From: [mailto: ] On Behalf Of

vanessagamarrac1

Sent: Thursday, February 11, 2010 9:02 AM

Subject: Re:School problem - suspension and Consequences for Behavior

HI:

I am having similar problems; my daughter ia, is aplying to school this

year.

Since the begining of the treatment, things were ok, she used to be a quiet

girl.

She is being making good progress, but this last month, she is becoming very

demanding, if she wants something, she just scream and to avoid problems we

use to run after her and give what she wants, so she have 3 slaves at home

(the parents and the sister).

In therapy, she is very nice, and work perfect, obeys the therapist. Also in

the kinder she was ok.

But yesterday when we went to the psichologist of the school for the

evaluation, she was terrific, she just want a paper a pencil and make us

wrote the specific words that she likes, she cries, she didn´t want to do

anything, of course father and mother wanted to be sis feet under.
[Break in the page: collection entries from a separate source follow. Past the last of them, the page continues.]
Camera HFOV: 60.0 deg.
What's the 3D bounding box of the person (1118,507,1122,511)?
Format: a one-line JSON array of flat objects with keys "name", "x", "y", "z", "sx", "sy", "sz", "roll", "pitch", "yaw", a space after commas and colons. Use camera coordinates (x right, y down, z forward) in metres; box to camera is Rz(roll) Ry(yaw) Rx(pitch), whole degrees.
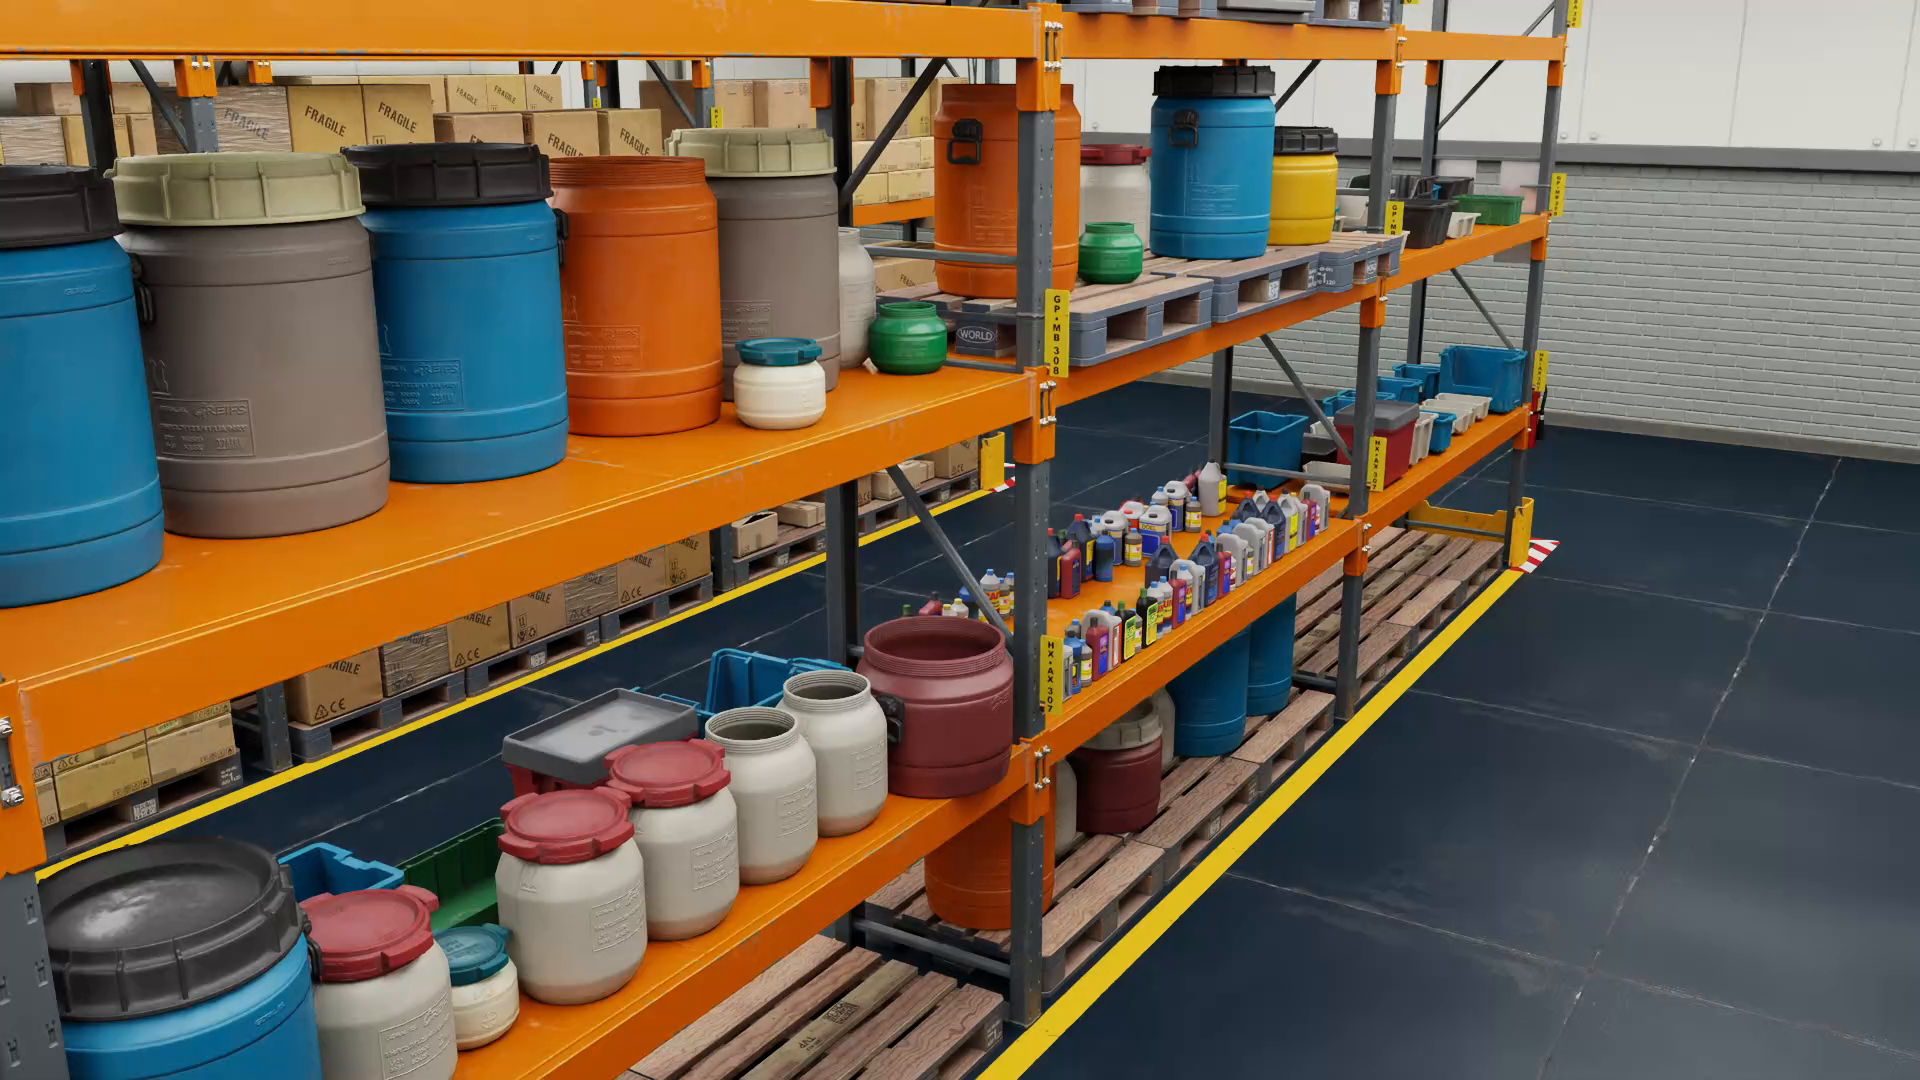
[{"name": "person", "x": 1.019, "y": 0.278, "z": 11.482, "sx": 0.929, "sy": 0.992, "sz": 0.554, "roll": -11, "pitch": 19, "yaw": -33}]
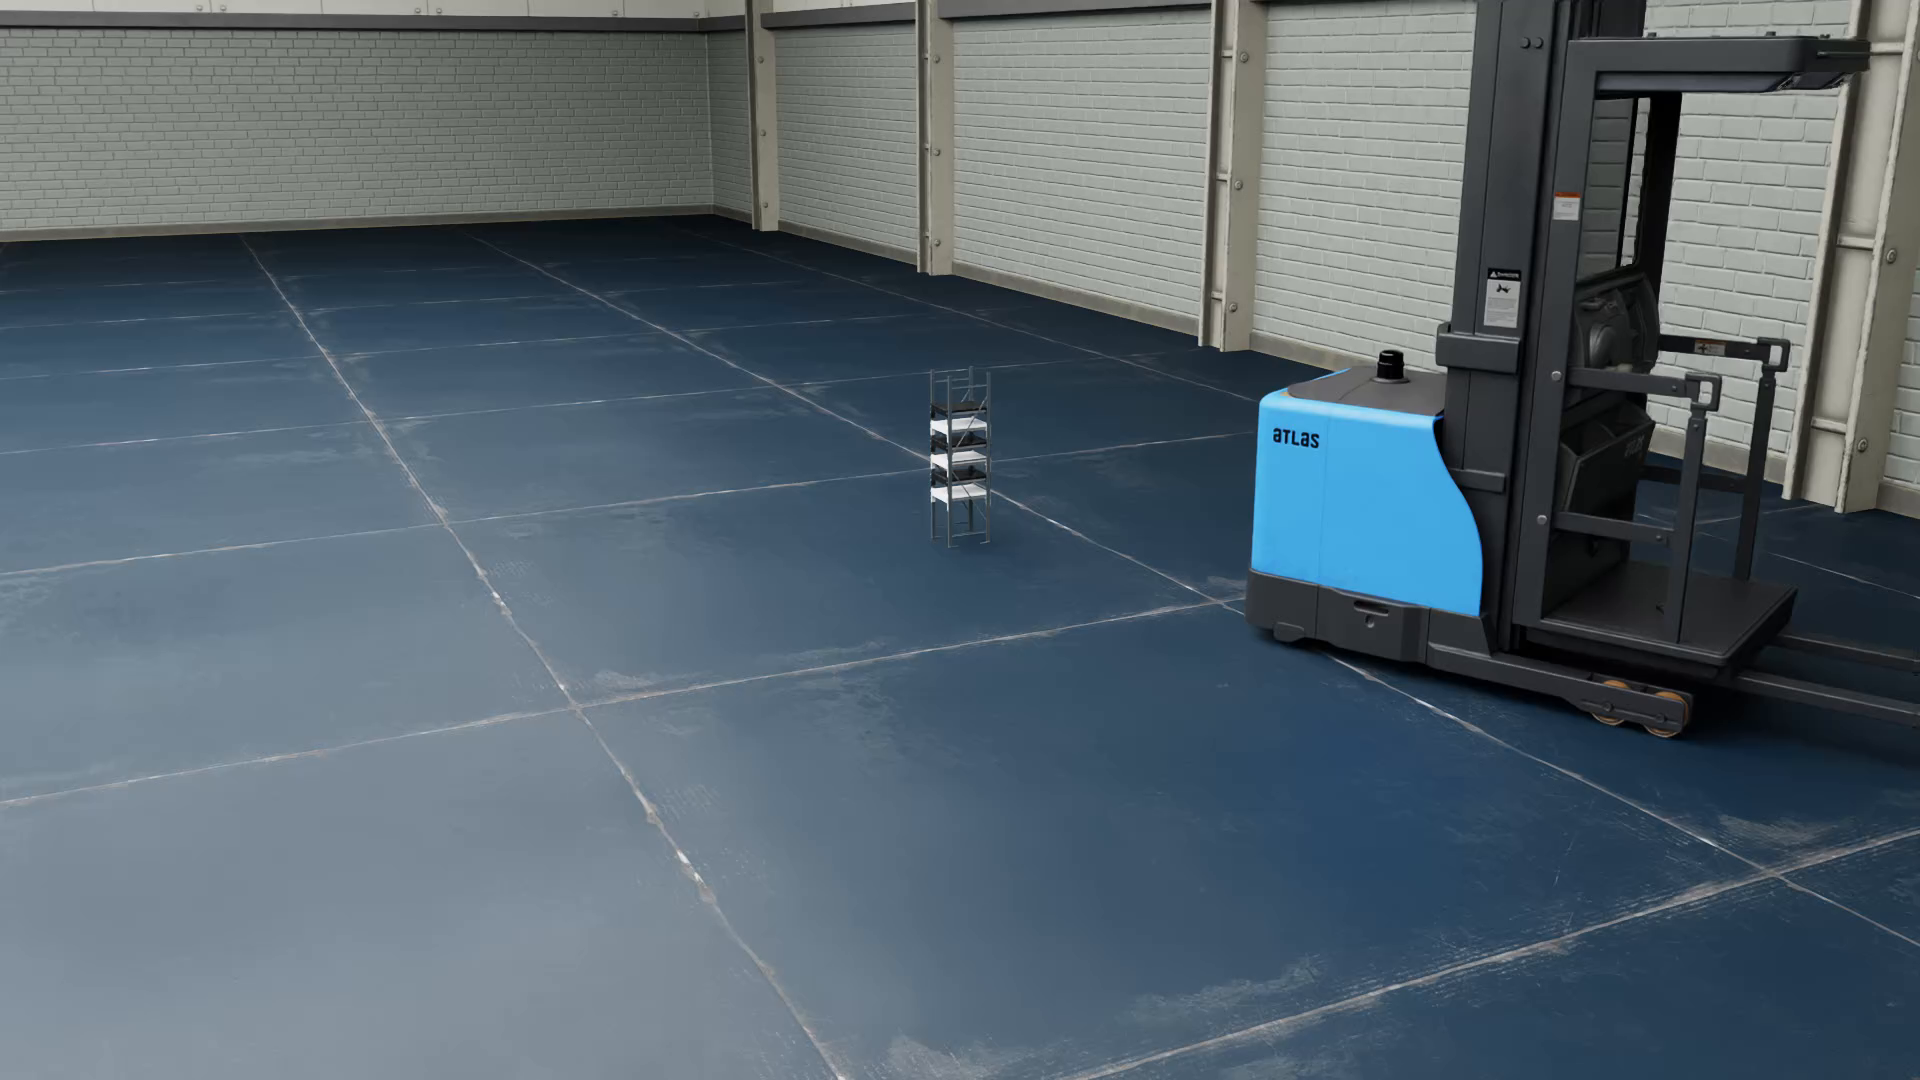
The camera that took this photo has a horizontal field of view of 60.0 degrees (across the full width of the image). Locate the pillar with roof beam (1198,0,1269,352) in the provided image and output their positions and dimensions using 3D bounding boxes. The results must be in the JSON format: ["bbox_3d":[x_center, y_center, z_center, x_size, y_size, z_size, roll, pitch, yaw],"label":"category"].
[{"bbox_3d":[-1.531,-5.508,11.629,9.100,9.000,0.400,-8,18,-25],"label":"pillar with roof beam"}]

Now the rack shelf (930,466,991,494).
[{"bbox_3d":[0.004,-0.312,8.654,0.258,0.077,0.200,-8,18,-25],"label":"rack shelf"}]

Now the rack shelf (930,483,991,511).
[{"bbox_3d":[0.004,-0.225,8.678,0.258,0.077,0.200,-8,18,-25],"label":"rack shelf"}]

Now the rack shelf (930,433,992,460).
[{"bbox_3d":[0.004,-0.485,8.604,0.258,0.077,0.200,-8,18,-25],"label":"rack shelf"}]

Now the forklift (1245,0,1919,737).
[{"bbox_3d":[2.719,-0.839,6.362,3.031,2.935,1.130,12,20,37],"label":"forklift"}]

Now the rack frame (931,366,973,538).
[{"bbox_3d":[-0.041,-0.456,8.707,0.240,0.900,0.006,-8,18,-25],"label":"rack frame"}]

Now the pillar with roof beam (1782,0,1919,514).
[{"bbox_3d":[1.097,-4.020,6.445,9.100,9.000,0.400,-8,18,-25],"label":"pillar with roof beam"}]

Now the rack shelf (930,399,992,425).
[{"bbox_3d":[0.004,-0.658,8.554,0.258,0.077,0.200,-8,18,-25],"label":"rack shelf"}]

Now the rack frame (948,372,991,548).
[{"bbox_3d":[0.048,-0.405,8.532,0.240,0.900,0.006,-8,18,-25],"label":"rack frame"}]

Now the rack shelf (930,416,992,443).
[{"bbox_3d":[0.004,-0.572,8.579,0.258,0.077,0.200,-8,18,-25],"label":"rack shelf"}]

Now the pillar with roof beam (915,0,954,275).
[{"bbox_3d":[-4.160,-6.995,16.813,9.100,9.000,0.400,-8,18,-25],"label":"pillar with roof beam"}]

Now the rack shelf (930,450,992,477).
[{"bbox_3d":[0.004,-0.398,8.629,0.258,0.077,0.200,-8,18,-25],"label":"rack shelf"}]

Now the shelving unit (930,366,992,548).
[{"bbox_3d":[0.004,-0.431,8.620,0.258,0.900,0.210,-8,18,-25],"label":"shelving unit"}]

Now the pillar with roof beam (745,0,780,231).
[{"bbox_3d":[-6.788,-8.483,21.998,9.100,9.000,0.400,-8,18,-25],"label":"pillar with roof beam"}]

Any way the pshic was nice, accept her in the regular school (what in my

country is very difficult for a kid like her), but recommends a conductist

therapist, and if she acts like this in classes i must remove her from the

school.

Of course the conductist therapist is for us, but i don´t feel very

confortable with this idea.

Any advice, any similar situation, some tips to help her would be really

appreciate.

Thanks

>

> .

>

> I feel so bad for what you are going through with your son. Been there and

> done that and my heart breaks for what you are feeling. My son also did

> inappropriate things to get the attention of other kids when he didn't

know

> how to get their attention the right way. The role playing was a great

> suggestion on how to teach this. We did a lot of that. However, the most

> important thing is to teach him how to behave and that he learns there are

> consequences for his behavior.

>

>

>

> As far as the suspension goes, sometimes we need to hurt our kids to help

> them. I think by being suspended it will teach him not to do that again. I

> remember when was little he played with one little girl he adored. It

> was always at our house and I was the one to do everything, so her mom

would

> allow her to come over. This child always had fun at my house (mostly from

> all the attention I gave her because back then wasn't too fun to play

> with). It was great for her mom because she would get a break and never

> have to reciprocate.

>

>

>

> Anyway, one day I picked her up to go sledding with and me. When it

> was time to drop her off at home, started screaming and having a

major

> meltdown because he didn't want her to leave. After that, the little girl

> no longer wanted to play with . At first. I wasn't going to tell him

> about why she didn't want to come over because I wanted to protect his

> feelings, but then I realized that wasn't really helping . I told him

> that the little girl wouldn't be coming over to play anymore because he

> screamed and acted bad when it was time for her to go home. Now she

doesn't

> want to play with him anymore.

>

>

>

> He and I cried together, but it was a turning point for us. I no longer

> tried to protect him from the world and let him feel the consequences of

bad

> behavior. This was a major step in making him join the rest of the world.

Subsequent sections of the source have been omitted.